__Exercise aim__: Write out word for word the lines from the one holding "Answer: Helium gas" through the end of the data, and only those lines. Pictures stay out.

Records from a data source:
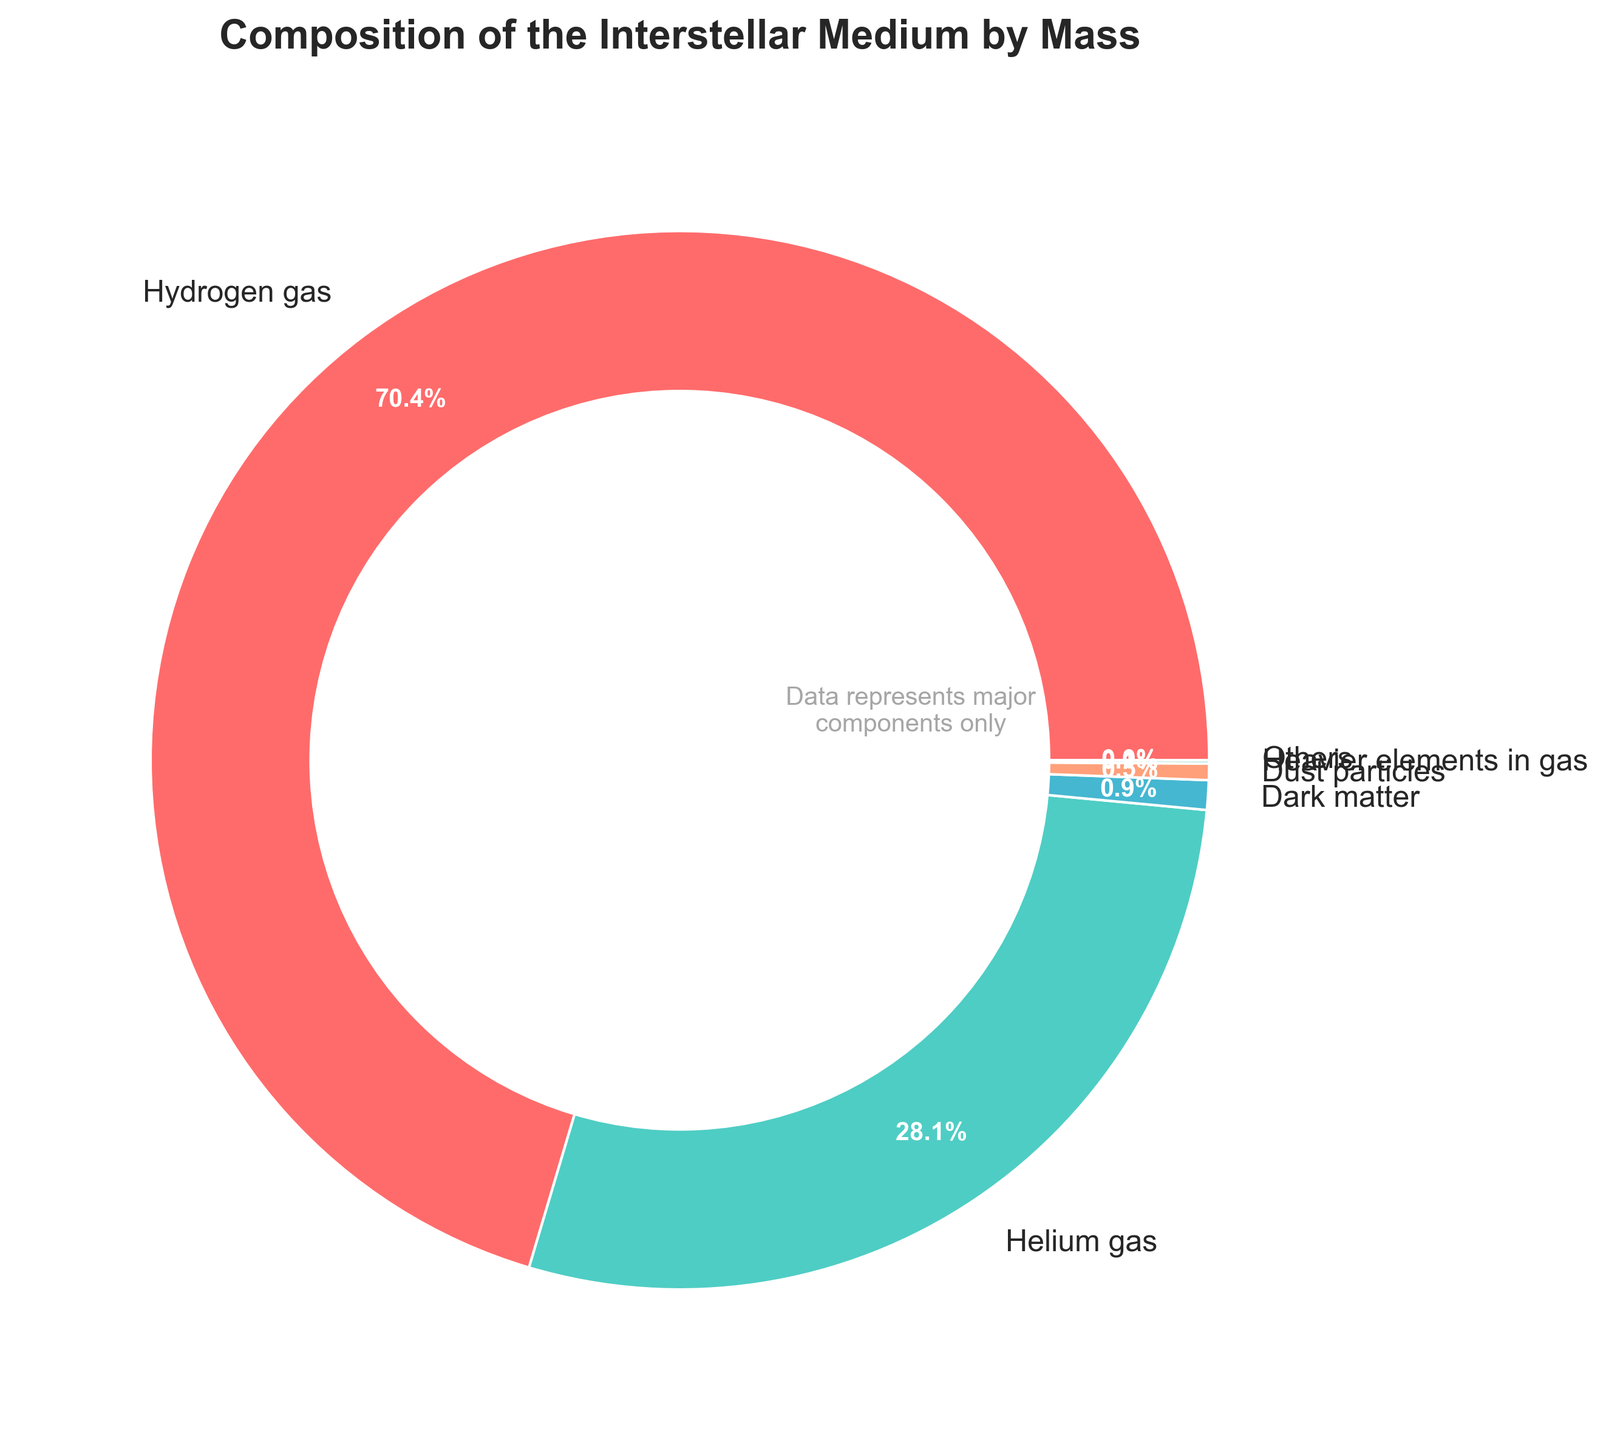What is the percentage of Hydrogen gas in the interstellar medium? Hydrogen gas is one of the components listed in the figure. According to the values, the percentage of Hydrogen gas is 70.4
Answer: 70.4 Which component has the second-largest percentage in the interstellar medium? By looking at the percentages, the component with the second-largest percentage is Helium gas with 28.1
Answer: Helium gas How does the percentage of Dust particles compare to the percentage of Dark matter? The percentage of Dust particles is 0.5, while the percentage of Dark matter is 0.9. Therefore, Dust particles have a lower percentage compared to Dark matter
Answer: Dust particles have a lower percentage What is the combined percentage of heavier elements and cosmic rays in the interstellar medium? The percentage of heavier elements in gas is 0.1 and the percentage of cosmic rays is 0.01. Adding these together, 0.1 + 0.01 = 0.11
Answer: 0.11 If we sum up all components other than Hydrogen gas and Helium gas, what is their total percentage? To find this, we subtract the percentages of Hydrogen gas and Helium gas from 100. That is, 100 - (70.4 + 28.1) = 100 - 98.5 = 1.5
Answer: 1.5 What color represents Dust particles in the chart? Dust particles are represented by one of the wedges. Based on the custom color palette, Dust particles are shown in the color associated with the 4th largest component. The color on the wedge depicting Dust particles is light red or salmon
Answer: light red/salmon Which component is represented by the smallest wedge in the pie chart? As the data is sorted by the top 5 components plus Others, the smallest wedge from those shown corresponds to the component with the lowest percentage among these. Based on the data, this is Dust particles (0.5%)
Answer: Dust particles What is the difference in percentage between the components in the "Others" category and Helium gas? The "Others" category aggregates the remaining components. Its percentage is calculated by subtracting the sum of the top 5 components from 100. Thus, Others = 100 - (70.4 + 28.1 + 0.5 + 0.1 + 0.9) = 100 - 100.0 = 0.0. The difference with Helium gas (28.1%) is 28.1 - 0.0 = 28.1
Answer: 28.1 In the context of the pie chart, what is the median of the represented components' percentages? The median is the middle value when the components' percentages are arranged in ascending order. The top 5 components' percentages are [0.1, 0.5, 0.9, 28.1, 70.4]. The median value of this list is 0.9
Answer: 0.9 
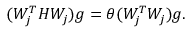<formula> <loc_0><loc_0><loc_500><loc_500>( W _ { j } ^ { T } H W _ { j } ) g = \theta ( W _ { j } ^ { T } W _ { j } ) g .</formula> 
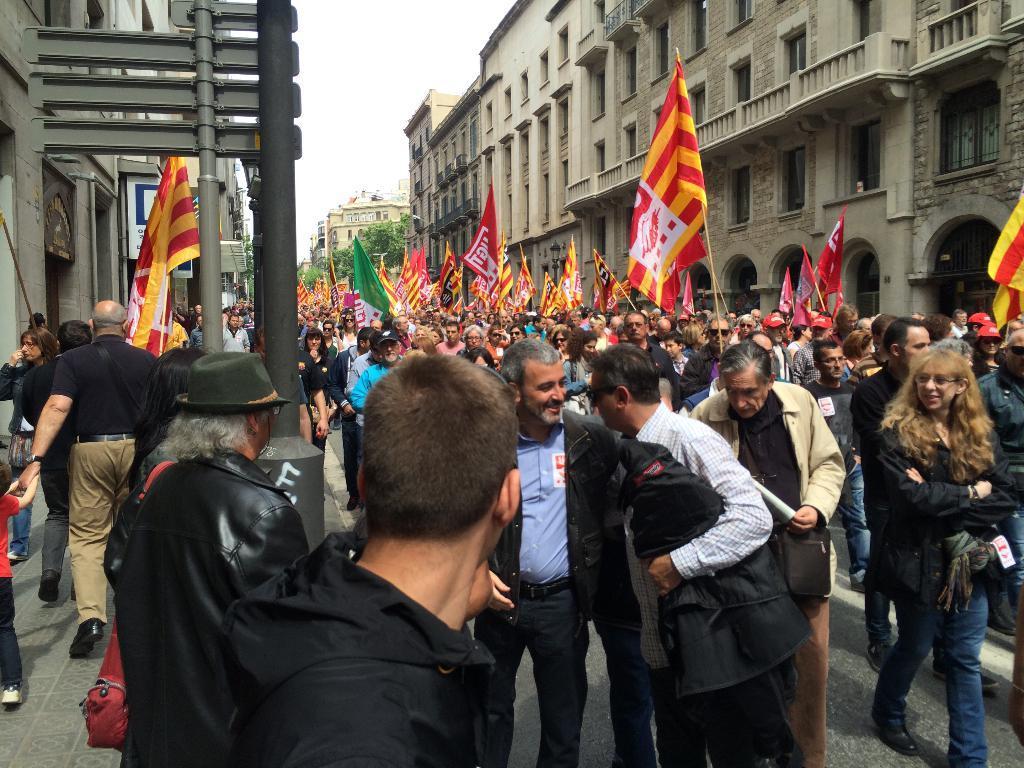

__Answer space__:
Answer: Helium gas How does the percentage of Dust particles compare to the percentage of Dark matter? The percentage of Dust particles is 0.5, while the percentage of Dark matter is 0.9. Therefore, Dust particles have a lower percentage compared to Dark matter
Answer: Dust particles have a lower percentage What is the combined percentage of heavier elements and cosmic rays in the interstellar medium? The percentage of heavier elements in gas is 0.1 and the percentage of cosmic rays is 0.01. Adding these together, 0.1 + 0.01 = 0.11
Answer: 0.11 If we sum up all components other than Hydrogen gas and Helium gas, what is their total percentage? To find this, we subtract the percentages of Hydrogen gas and Helium gas from 100. That is, 100 - (70.4 + 28.1) = 100 - 98.5 = 1.5
Answer: 1.5 What color represents Dust particles in the chart? Dust particles are represented by one of the wedges. Based on the custom color palette, Dust particles are shown in the color associated with the 4th largest component. The color on the wedge depicting Dust particles is light red or salmon
Answer: light red/salmon Which component is represented by the smallest wedge in the pie chart? As the data is sorted by the top 5 components plus Others, the smallest wedge from those shown corresponds to the component with the lowest percentage among these. Based on the data, this is Dust particles (0.5%)
Answer: Dust particles What is the difference in percentage between the components in the "Others" category and Helium gas? The "Others" category aggregates the remaining components. Its percentage is calculated by subtracting the sum of the top 5 components from 100. Thus, Others = 100 - (70.4 + 28.1 + 0.5 + 0.1 + 0.9) = 100 - 100.0 = 0.0. The difference with Helium gas (28.1%) is 28.1 - 0.0 = 28.1
Answer: 28.1 In the context of the pie chart, what is the median of the represented components' percentages? The median is the middle value when the components' percentages are arranged in ascending order. The top 5 components' percentages are [0.1, 0.5, 0.9, 28.1, 70.4]. The median value of this list is 0.9
Answer: 0.9 
<formula> <loc_0><loc_0><loc_500><loc_500>( W _ { j } ^ { T } H W _ { j } ) g = \theta ( W _ { j } ^ { T } W _ { j } ) g .</formula> 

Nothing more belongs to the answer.